ALS (Amyotrophic Lateral Sclerosis), is a progressive neurodegenerative disease that affects nerve cells in the brain and spinal cord.


A-myo-trophic comes from the Greek. "A" means no. "Myo" refers to muscle, and "Trophic" means food - "No muscle food." When the muscles do not exist or do not get food, then the muscles will shrink or be called "atrophy". "Lateral" identifies an area in the spinal cord that is where nerve cells signal and control the muscles. When this area suffers a setback, scarring or hardening ("sclerosis") is formed in the region. Thus, it is referred to as Amyotrophic Lateral Sclerosis.

 

Motor neurons (motor nerves) stretch from the brain to the spinal cord and from the spinal cord to muscles throughout the body. Progressive degeneration of the motor nerve in ALS eventually leads to the death of these nerve cells. When the motor nerve dies or does not function, then the brain loses the ability to start and control muscle movements. With this progressive loss of ability, people may lose the ability to speak, eat, move, and breathe.

This disease arises without knowing the cause or also called "sporadic". This form is the most common and can occur in anyone and anywhere.
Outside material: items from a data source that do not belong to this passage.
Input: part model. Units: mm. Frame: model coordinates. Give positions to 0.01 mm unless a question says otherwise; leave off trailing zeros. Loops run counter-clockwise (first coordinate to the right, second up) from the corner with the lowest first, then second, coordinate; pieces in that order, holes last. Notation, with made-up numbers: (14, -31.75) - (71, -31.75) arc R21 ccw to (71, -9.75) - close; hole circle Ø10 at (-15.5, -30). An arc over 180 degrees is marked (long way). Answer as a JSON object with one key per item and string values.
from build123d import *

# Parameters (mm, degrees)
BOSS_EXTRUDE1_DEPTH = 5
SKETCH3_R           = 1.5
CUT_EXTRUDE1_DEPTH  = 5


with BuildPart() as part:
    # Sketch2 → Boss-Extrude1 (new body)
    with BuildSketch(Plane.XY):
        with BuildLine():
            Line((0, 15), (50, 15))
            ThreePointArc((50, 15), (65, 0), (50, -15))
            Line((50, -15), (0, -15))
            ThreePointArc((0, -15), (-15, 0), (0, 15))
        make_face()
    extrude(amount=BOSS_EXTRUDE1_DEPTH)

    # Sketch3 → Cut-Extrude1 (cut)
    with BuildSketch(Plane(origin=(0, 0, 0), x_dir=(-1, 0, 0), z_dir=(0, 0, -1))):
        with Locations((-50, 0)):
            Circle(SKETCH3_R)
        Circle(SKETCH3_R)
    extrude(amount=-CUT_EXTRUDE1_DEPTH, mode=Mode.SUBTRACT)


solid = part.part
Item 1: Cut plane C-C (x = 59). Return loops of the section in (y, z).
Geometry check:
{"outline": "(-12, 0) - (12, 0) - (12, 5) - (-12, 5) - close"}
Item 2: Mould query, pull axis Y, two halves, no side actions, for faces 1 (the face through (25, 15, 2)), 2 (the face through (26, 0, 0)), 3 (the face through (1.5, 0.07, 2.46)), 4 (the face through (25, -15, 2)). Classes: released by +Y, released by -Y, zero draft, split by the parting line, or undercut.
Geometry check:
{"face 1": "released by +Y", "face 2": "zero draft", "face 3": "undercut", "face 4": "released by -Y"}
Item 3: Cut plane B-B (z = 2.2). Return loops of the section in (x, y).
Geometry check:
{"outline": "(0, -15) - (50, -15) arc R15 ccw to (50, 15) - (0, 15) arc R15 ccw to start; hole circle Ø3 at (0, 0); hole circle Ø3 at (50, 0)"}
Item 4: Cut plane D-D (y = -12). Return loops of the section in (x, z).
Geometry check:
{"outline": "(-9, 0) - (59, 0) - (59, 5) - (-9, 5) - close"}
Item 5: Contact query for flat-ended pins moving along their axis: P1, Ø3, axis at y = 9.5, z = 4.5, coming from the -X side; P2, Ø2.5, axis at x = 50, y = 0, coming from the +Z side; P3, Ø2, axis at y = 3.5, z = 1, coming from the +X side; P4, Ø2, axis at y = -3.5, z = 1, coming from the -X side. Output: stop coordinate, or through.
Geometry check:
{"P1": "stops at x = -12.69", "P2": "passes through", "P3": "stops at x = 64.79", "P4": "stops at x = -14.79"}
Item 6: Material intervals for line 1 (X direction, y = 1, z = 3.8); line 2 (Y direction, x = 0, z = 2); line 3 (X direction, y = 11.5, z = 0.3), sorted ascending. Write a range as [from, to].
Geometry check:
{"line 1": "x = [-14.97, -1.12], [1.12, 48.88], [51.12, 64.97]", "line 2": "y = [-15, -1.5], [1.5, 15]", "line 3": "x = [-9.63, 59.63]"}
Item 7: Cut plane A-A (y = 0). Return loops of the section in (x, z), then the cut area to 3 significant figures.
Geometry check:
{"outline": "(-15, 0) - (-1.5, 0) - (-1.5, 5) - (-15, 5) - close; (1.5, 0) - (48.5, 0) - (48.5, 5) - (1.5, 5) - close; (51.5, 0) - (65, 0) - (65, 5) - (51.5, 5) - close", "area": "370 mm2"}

The second form is called FAMILIAL ALS which is in its lineage there are those who suffer from ALS. So, in the family there is a 50% chance of each offspring inheriting a gene mutation and be able to develop the disease

Symptoms and Diagnosis

Symptoms

ALS is a disease whose symptoms arise gradually. Early symptoms of ALS can vary greatly in different people. A person may have difficulty grasping a pen or lifting a coffee cup, while others may experience a change in tone of voice while speaking.  The rate of development of the disease can vary greatly from one person to another. Even so, the average survival time of ALS sufferers is three to five years, some people can live up to 10 years or more. Symptoms can begin in the muscles that control speech and swallowing or in the hands, arms, limbs or legs. Not everyone with ALS experiences the same symptoms or the same sequence or pattern of development. However, progressive muscle weakness and muscle paralysis, are commonly experienced by all sufferers.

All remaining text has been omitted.